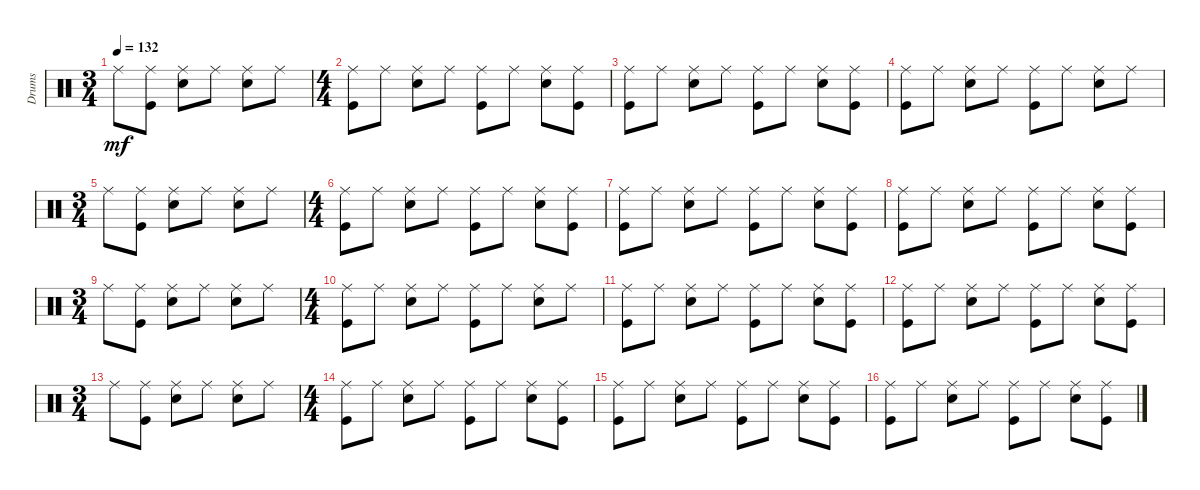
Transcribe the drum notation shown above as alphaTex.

\track ("Drums" "Drums") {instrument percussion}
\staff {score}
\articulation defaults
\ts (3 4)
\tempo 132
\clef neutral
\ks c "Ride (middle)".8{dy mf}
("Kick (hit)" "Ride (middle)").8 ("Electric Snare (hit)" "Ride (middle)").8 "Ride (middle)".8 ("Electric Snare (hit)" "Ride (middle)").8 "Ride (middle)".8 |
\ts (4 4)
("Kick (hit)" "Ride (middle)").8 "Ride (middle)".8 ("Electric Snare (hit)" "Ride (middle)").8 "Ride (middle)".8 ("Kick (hit)" "Ride (middle)").8 "Ride (middle)".8 ("Electric Snare (hit)" "Ride (middle)").8 ("Kick (hit)" "Ride (middle)").8 |
("Kick (hit)" "Ride (middle)").8 "Ride (middle)".8 ("Electric Snare (hit)" "Ride (middle)").8 "Ride (middle)".8 ("Kick (hit)" "Ride (middle)").8 "Ride (middle)".8 ("Electric Snare (hit)" "Ride (middle)").8 ("Kick (hit)" "Ride (middle)").8 |
("Kick (hit)" "Ride (middle)").8 "Ride (middle)".8 ("Electric Snare (hit)" "Ride (middle)").8 "Ride (middle)".8 ("Kick (hit)" "Ride (middle)").8 "Ride (middle)".8 ("Electric Snare (hit)" "Ride (middle)").8 "Ride (middle)".8 |
\ts (3 4)
"Ride (middle)".8 ("Kick (hit)" "Ride (middle)").8 ("Electric Snare (hit)" "Ride (middle)").8 "Ride (middle)".8 ("Electric Snare (hit)" "Ride (middle)").8 "Ride (middle)".8 |
\ts (4 4)
("Kick (hit)" "Ride (middle)").8 "Ride (middle)".8 ("Electric Snare (hit)" "Ride (middle)").8 "Ride (middle)".8 ("Kick (hit)" "Ride (middle)").8 "Ride (middle)".8 ("Electric Snare (hit)" "Ride (middle)").8 ("Kick (hit)" "Ride (middle)").8 |
("Kick (hit)" "Ride (middle)").8 "Ride (middle)".8 ("Electric Snare (hit)" "Ride (middle)").8 "Ride (middle)".8 ("Kick (hit)" "Ride (middle)").8 "Ride (middle)".8 ("Electric Snare (hit)" "Ride (middle)").8 ("Kick (hit)" "Ride (middle)").8 |
("Kick (hit)" "Ride (middle)").8 "Ride (middle)".8 ("Electric Snare (hit)" "Ride (middle)").8 "Ride (middle)".8 ("Kick (hit)" "Ride (middle)").8 "Ride (middle)".8 ("Electric Snare (hit)" "Ride (middle)").8 ("Kick (hit)" "Ride (middle)").8 |
\ts (3 4)
"Ride (middle)".8 ("Kick (hit)" "Ride (middle)").8 ("Electric Snare (hit)" "Ride (middle)").8 "Ride (middle)".8 ("Electric Snare (hit)" "Ride (middle)").8 "Ride (middle)".8 |
\ts (4 4)
("Kick (hit)" "Ride (middle)").8 "Ride (middle)".8 ("Electric Snare (hit)" "Ride (middle)").8 "Ride (middle)".8 ("Kick (hit)" "Ride (middle)").8 "Ride (middle)".8 ("Electric Snare (hit)" "Ride (middle)").8 "Ride (middle)".8 |
("Kick (hit)" "Ride (middle)").8 "Ride (middle)".8 ("Electric Snare (hit)" "Ride (middle)").8 "Ride (middle)".8 ("Kick (hit)" "Ride (middle)").8 "Ride (middle)".8 ("Electric Snare (hit)" "Ride (middle)").8 ("Kick (hit)" "Ride (middle)").8 |
("Kick (hit)" "Ride (middle)").8 "Ride (middle)".8 ("Electric Snare (hit)" "Ride (middle)").8 "Ride (middle)".8 ("Kick (hit)" "Ride (middle)").8 "Ride (middle)".8 ("Electric Snare (hit)" "Ride (middle)").8 ("Kick (hit)" "Ride (middle)").8 |
\ts (3 4)
"Ride (middle)".8 ("Kick (hit)" "Ride (middle)").8 ("Electric Snare (hit)" "Ride (middle)").8 "Ride (middle)".8 ("Electric Snare (hit)" "Ride (middle)").8 "Ride (middle)".8 |
\ts (4 4)
("Kick (hit)" "Ride (middle)").8 "Ride (middle)".8 ("Electric Snare (hit)" "Ride (middle)").8 "Ride (middle)".8 ("Kick (hit)" "Ride (middle)").8 "Ride (middle)".8 ("Electric Snare (hit)" "Ride (middle)").8 ("Kick (hit)" "Ride (middle)").8 |
("Kick (hit)" "Ride (middle)").8 "Ride (middle)".8 ("Electric Snare (hit)" "Ride (middle)").8 "Ride (middle)".8 ("Kick (hit)" "Ride (middle)").8 "Ride (middle)".8 ("Electric Snare (hit)" "Ride (middle)").8 ("Kick (hit)" "Ride (middle)").8 |
("Kick (hit)" "Ride (middle)").8 "Ride (middle)".8 ("Electric Snare (hit)" "Ride (middle)").8 "Ride (middle)".8 ("Kick (hit)" "Ride (middle)").8 "Ride (middle)".8 ("Electric Snare (hit)" "Ride (middle)").8 ("Kick (hit)" "Ride (middle)").8
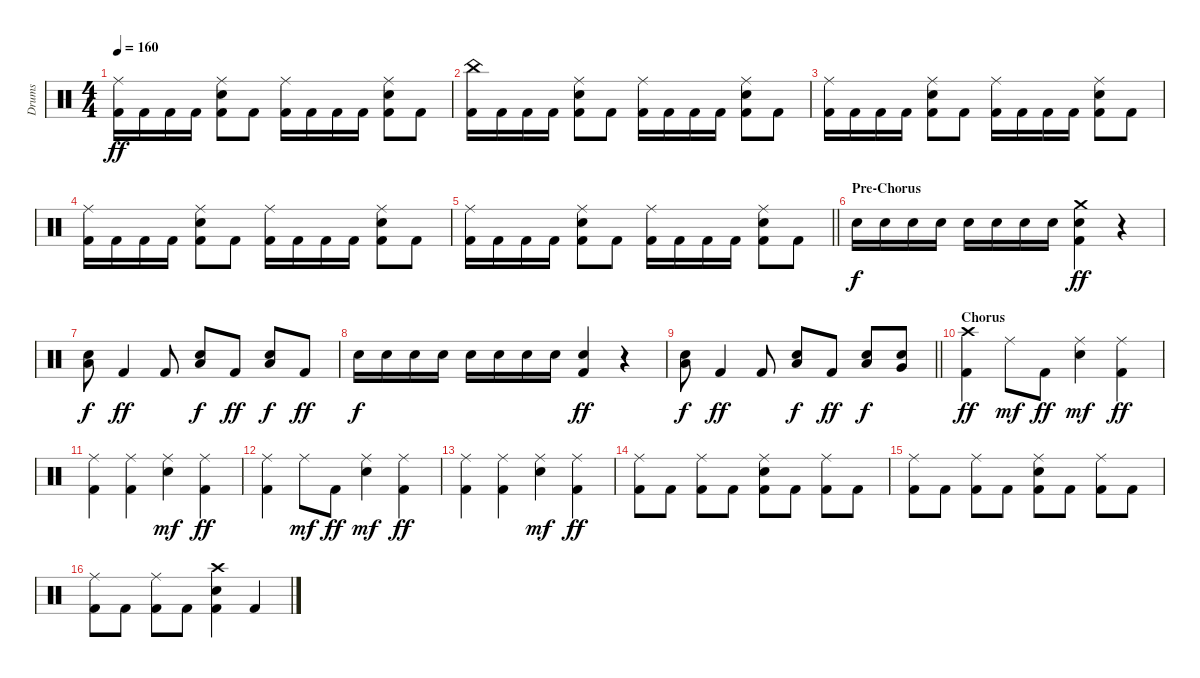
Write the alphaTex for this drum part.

\track ("Drums" "Drums") {instrument percussion}
\staff {score}
\articulation defaults
\ts (4 4)
\tempo 160
\clef neutral
\ks c
("Ride (middle)" "Kick (hit) 2").16{dy ff} "Kick (hit) 2".16 "Kick (hit) 2".16 "Kick (hit) 2".16 ("Ride (middle)" "Electric Snare (hit)" "Kick (hit) 2").8 "Kick (hit) 2".8 ("Ride (middle)" "Kick (hit) 2").16 "Kick (hit) 2".16 "Kick (hit) 2".16 "Kick (hit) 2".16 ("Ride (middle)" "Electric Snare (hit)" "Kick (hit) 2").8 "Kick (hit) 2".8 |
("China (hit)" "Kick (hit) 2").16 "Kick (hit) 2".16 "Kick (hit) 2".16 "Kick (hit) 2".16 ("Ride (middle)" "Electric Snare (hit)" "Kick (hit) 2").8 "Kick (hit) 2".8 ("Ride (middle)" "Kick (hit) 2").16 "Kick (hit) 2".16 "Kick (hit) 2".16 "Kick (hit) 2".16 ("Ride (middle)" "Electric Snare (hit)" "Kick (hit) 2").8 "Kick (hit) 2".8 |
("Ride (middle)" "Kick (hit) 2").16 "Kick (hit) 2".16 "Kick (hit) 2".16 "Kick (hit) 2".16 ("Ride (middle)" "Electric Snare (hit)" "Kick (hit) 2").8 "Kick (hit) 2".8 ("Ride (middle)" "Kick (hit) 2").16 "Kick (hit) 2".16 "Kick (hit) 2".16 "Kick (hit) 2".16 ("Ride (middle)" "Electric Snare (hit)" "Kick (hit) 2").8 "Kick (hit) 2".8 |
("Ride (middle)" "Kick (hit) 2").16 "Kick (hit) 2".16 "Kick (hit) 2".16 "Kick (hit) 2".16 ("Ride (middle)" "Electric Snare (hit)" "Kick (hit) 2").8 "Kick (hit) 2".8 ("Ride (middle)" "Kick (hit) 2").16 "Kick (hit) 2".16 "Kick (hit) 2".16 "Kick (hit) 2".16 ("Ride (middle)" "Electric Snare (hit)" "Kick (hit) 2").8 "Kick (hit) 2".8 |
\barLineRight lightlight
("Ride (middle)" "Kick (hit) 2").16 "Kick (hit) 2".16 "Kick (hit) 2".16 "Kick (hit) 2".16 ("Ride (middle)" "Electric Snare (hit)" "Kick (hit) 2").8 "Kick (hit) 2".8 ("Ride (middle)" "Kick (hit) 2").16 "Kick (hit) 2".16 "Kick (hit) 2".16 "Kick (hit) 2".16 ("Ride (middle)" "Electric Snare (hit)" "Kick (hit) 2").8 "Kick (hit) 2".8 |
\section ("" "Pre-Chorus")
"Electric Snare (hit)".16{dy f} "Electric Snare (hit)".16 "Electric Snare (hit)".16 "Electric Snare (hit)".16 "Electric Snare (hit)".16 "Electric Snare (hit)".16 "Electric Snare (hit)".16 "Electric Snare (hit)".16 ("Crash medium (hit)" "Electric Snare (hit)" "Kick (hit) 2").4{dy ff} r.4 |
("Low Tom (hit)" "Electric Snare (hit)").8{dy f} "Kick (hit) 2".4{dy ff} "Kick (hit) 2".8 ("Low Tom (hit)" "Electric Snare (hit)").8{dy f} "Kick (hit) 2".8{dy ff} ("Low Tom (hit)" "Electric Snare (hit)").8{dy f} "Kick (hit) 2".8{dy ff} |
"Electric Snare (hit)".16{dy f} "Electric Snare (hit)".16 "Electric Snare (hit)".16 "Electric Snare (hit)".16 "Electric Snare (hit)".16 "Electric Snare (hit)".16 "Electric Snare (hit)".16 "Electric Snare (hit)".16 ("Electric Snare (hit)" "Kick (hit) 2").4{dy ff} r.4 |
\barLineRight lightlight
("Low Tom (hit)" "Electric Snare (hit)").8{dy f} "Kick (hit) 2".4{dy ff} "Kick (hit) 2".8 ("Low Tom (hit)" "Electric Snare (hit)").8{dy f} "Kick (hit) 2".8{dy ff} ("Low Tom (hit)" "Electric Snare (hit)").8{dy f} ("Very Low Tom (hit)" "Electric Snare (hit)").8 |
\section ("" "Chorus")
("Crash high (hit)" "Kick (hit) 2").4{dy ff} "Ride (middle)".8{dy mf} "Kick (hit) 2".8{dy ff} ("Ride (middle)" "Electric Snare (hit)").4{dy mf} ("Ride (middle)" "Kick (hit) 2").4{dy ff} |
("Ride (middle)" "Kick (hit) 2").4 ("Ride (middle)" "Kick (hit) 2").4 ("Ride (middle)" "Electric Snare (hit)").4{dy mf} ("Ride (middle)" "Kick (hit) 2").4{dy ff} |
("Ride (middle)" "Kick (hit) 2").4 "Ride (middle)".8{dy mf} "Kick (hit) 2".8{dy ff} ("Ride (middle)" "Electric Snare (hit)").4{dy mf} ("Ride (middle)" "Kick (hit) 2").4{dy ff} |
("Ride (middle)" "Kick (hit) 2").4 ("Ride (middle)" "Kick (hit) 2").4 ("Ride (middle)" "Electric Snare (hit)").4{dy mf} ("Ride (middle)" "Kick (hit) 2").4{dy ff} |
("Ride (middle)" "Kick (hit) 2").8 "Kick (hit) 2".8 ("Ride (middle)" "Kick (hit) 2").8 "Kick (hit) 2".8 ("Ride (middle)" "Electric Snare (hit)" "Kick (hit) 2").8 "Kick (hit) 2".8 ("Ride (middle)" "Kick (hit) 2").8 "Kick (hit) 2".8 |
("Ride (middle)" "Kick (hit) 2").8 "Kick (hit) 2".8 ("Ride (middle)" "Kick (hit) 2").8 "Kick (hit) 2".8 ("Ride (middle)" "Electric Snare (hit)" "Kick (hit) 2").8 "Kick (hit) 2".8 ("Ride (middle)" "Kick (hit) 2").8 "Kick (hit) 2".8 |
("Ride (middle)" "Kick (hit) 2").8 "Kick (hit) 2".8 ("Ride (middle)" "Kick (hit) 2").8 "Kick (hit) 2".8 ("Crash high (hit)" "Electric Snare (hit)" "Kick (hit) 2").4 "Kick (hit) 2".4

- [Exercise description]
A single number is the answer: how many lines of the entries above contain "high"?

- [Answer box]
2